Super yacht intrigue unfolding across Pacific

SOUTH SEAS MYSTERY: Super yacht Phocea.
SOUTH SEAS MYSTERY: Super yacht Phocea.

A tale involving a seized super yacht in Vanuatu and a mystery after-hours jet landing in Papua New Guinea is turning into an international intrigue with few clues offered to what is really going on.

Suspected of illegal activities, the 75-metre long four-masted yacht Phocea has been under arrest in Port Vila harbour since it arrived from Italy, via Panama and Tonga, on July 14 last year.

A Thai with a Vanuatu diplomatic passport, Vu Anh Quan Saken, reputedly owns it, but the Vanuatu Government cannot establish if it is registered anywhere.

So it sits, stateless, in Vila harbour at the height of the cyclone season.

Phocea caused political uproar in both Tonga and Vanuatu after cabinet ministers went aboard it before it had even cleared customs.

Five women from the Philippines and Serbia were flown from New Zealand to Tonga to join it and there have been unconfirmed reports of diamonds, sacks of cash and illicit drugs.

The latest twist is unfolding in Papua New Guinea where, late on Thursday night, a Boeing Business Jet – a modified 737 – landed at Jackson Airport after its offices were closed.

Quan Saken, a principal in a company known as Amazonia Of The Pacific which is attempting to market agricultural produce internationally, was aboard with another Asian, also with a Vanuatu diplomatic passport, Saken Henry. The relationship of the two men is unknown but Vanuatu police have been trying to talk to them in connection with the mysterious Phocea arrival in July.

Also at the airport was Vanuatu's Foreign Minister Alfred Carlot on an unannounced "private mission".

The PNG National paper today quoted PNG Prime Minister Peter O'Neill saying investigations were continuing into the unexpected landing.

"Its crew and certain individuals on board were being questioned by relevant government agencies as part of the investigation," O'Neill said.

The jet has been allowed to leave with its passengers, but its destination is unknown.

The newspaper said the jet, an International JetClub Ltd jet registered N111, had flown in from the Maldives.
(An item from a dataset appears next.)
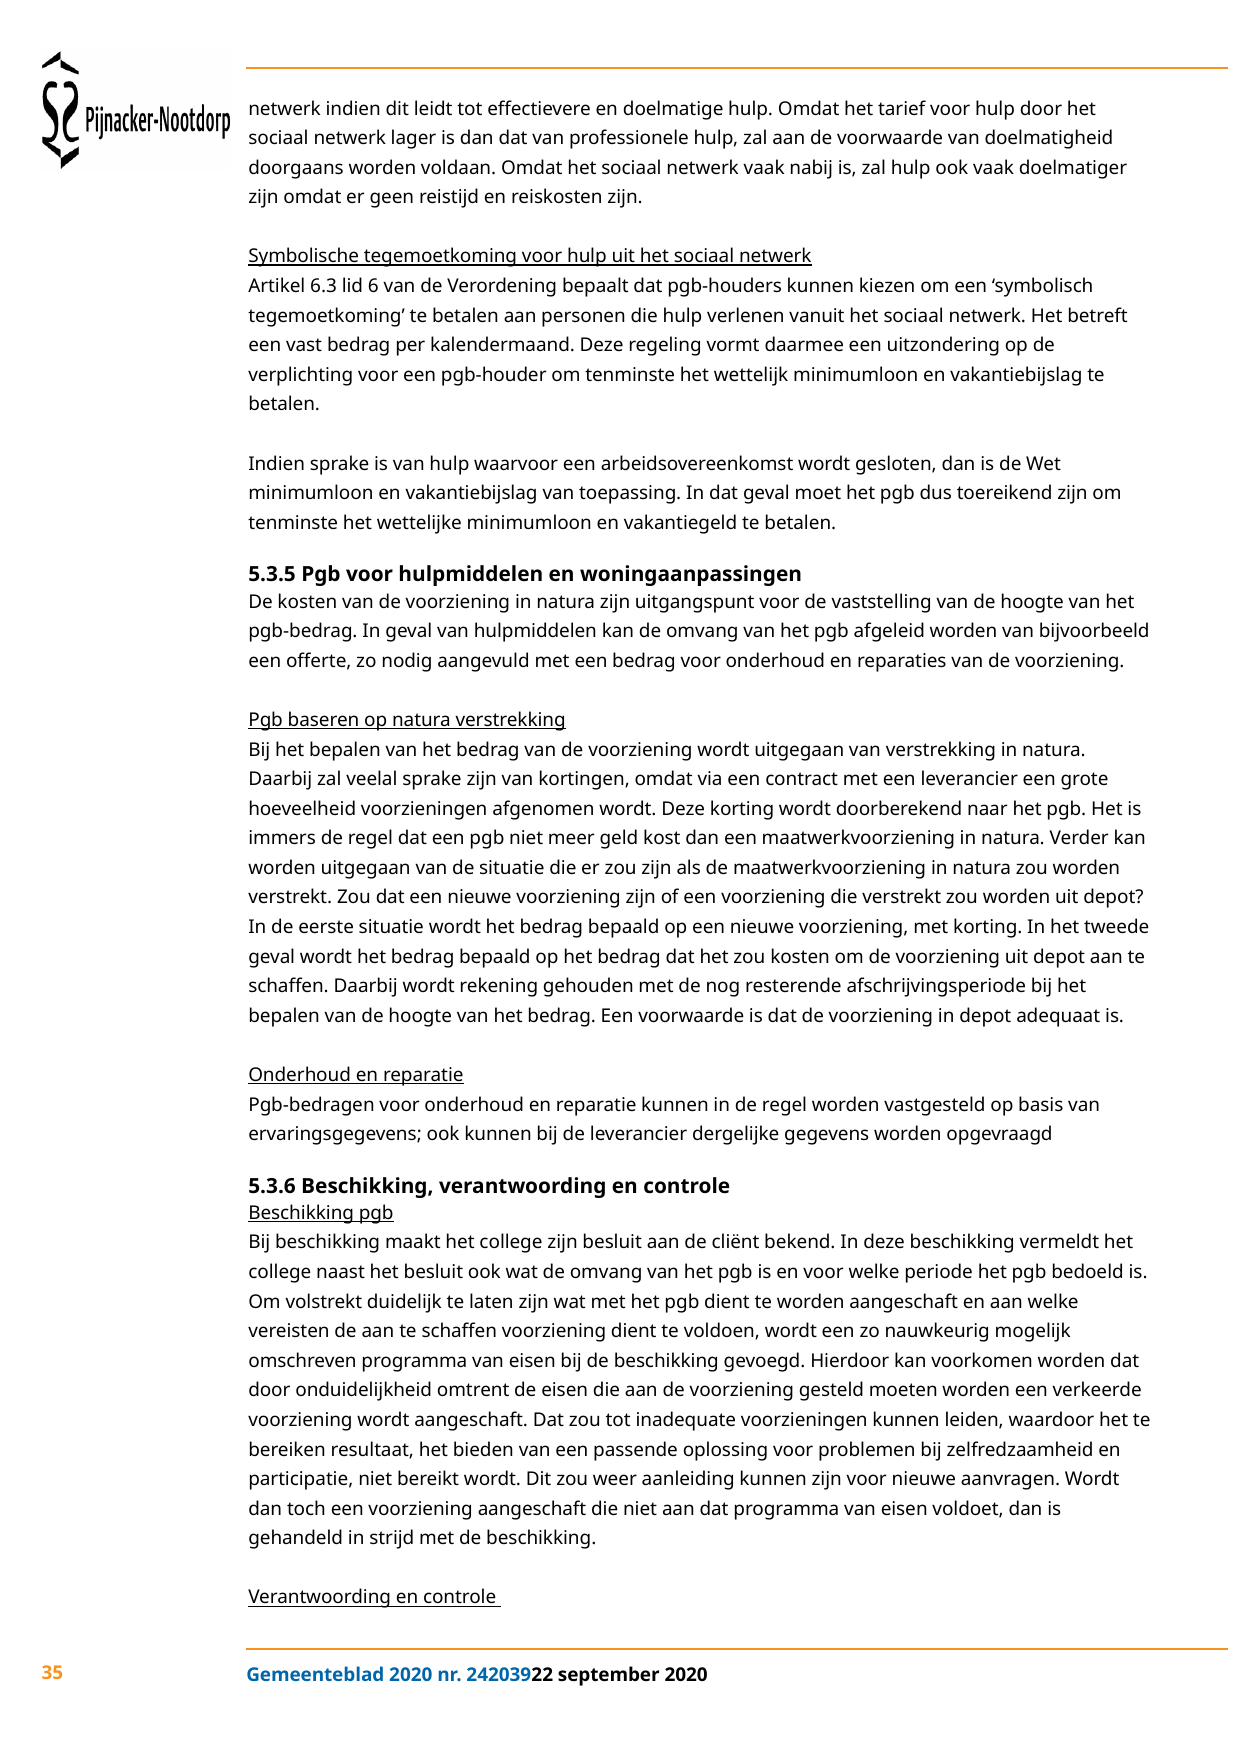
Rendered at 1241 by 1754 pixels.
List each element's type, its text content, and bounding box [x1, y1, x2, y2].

Meanwhile, the going no where Phocea continues to attract tourist attention in Port Vila.

The Vanuatu Daily Post says the government there would like it to leave, but its paperwork is out of order and no one can establish where it is registered.

The newspaper says local authorities have discovered that Phocea had been registered in Luxembourg, France, Vanuatu and Malta when legally a ship must be registered in one country alone.

Phocea was built in Toulon in 1976 for yachtsman Alain Colas who called her Club Mediterranee. She competed in a Trans-Atlantic race for Colas, came second. Colas disappeared at sea the following year.

In 1982 French business man Bernard Tapie bought Phocea and had her converted to a private yacht at great expense. Tapie christened her Phocea, in honour of the Phoenicians who founded Marseilles where she was refitted.

Tapie later went to jail over corruption offences and in 1997 French Lebanese socialite Mouna Ayoub purchased the yacht – after she sold one of her diamonds, the largest yellow diamond in the world, and several other lesser jewels to pay for the $17 million refit.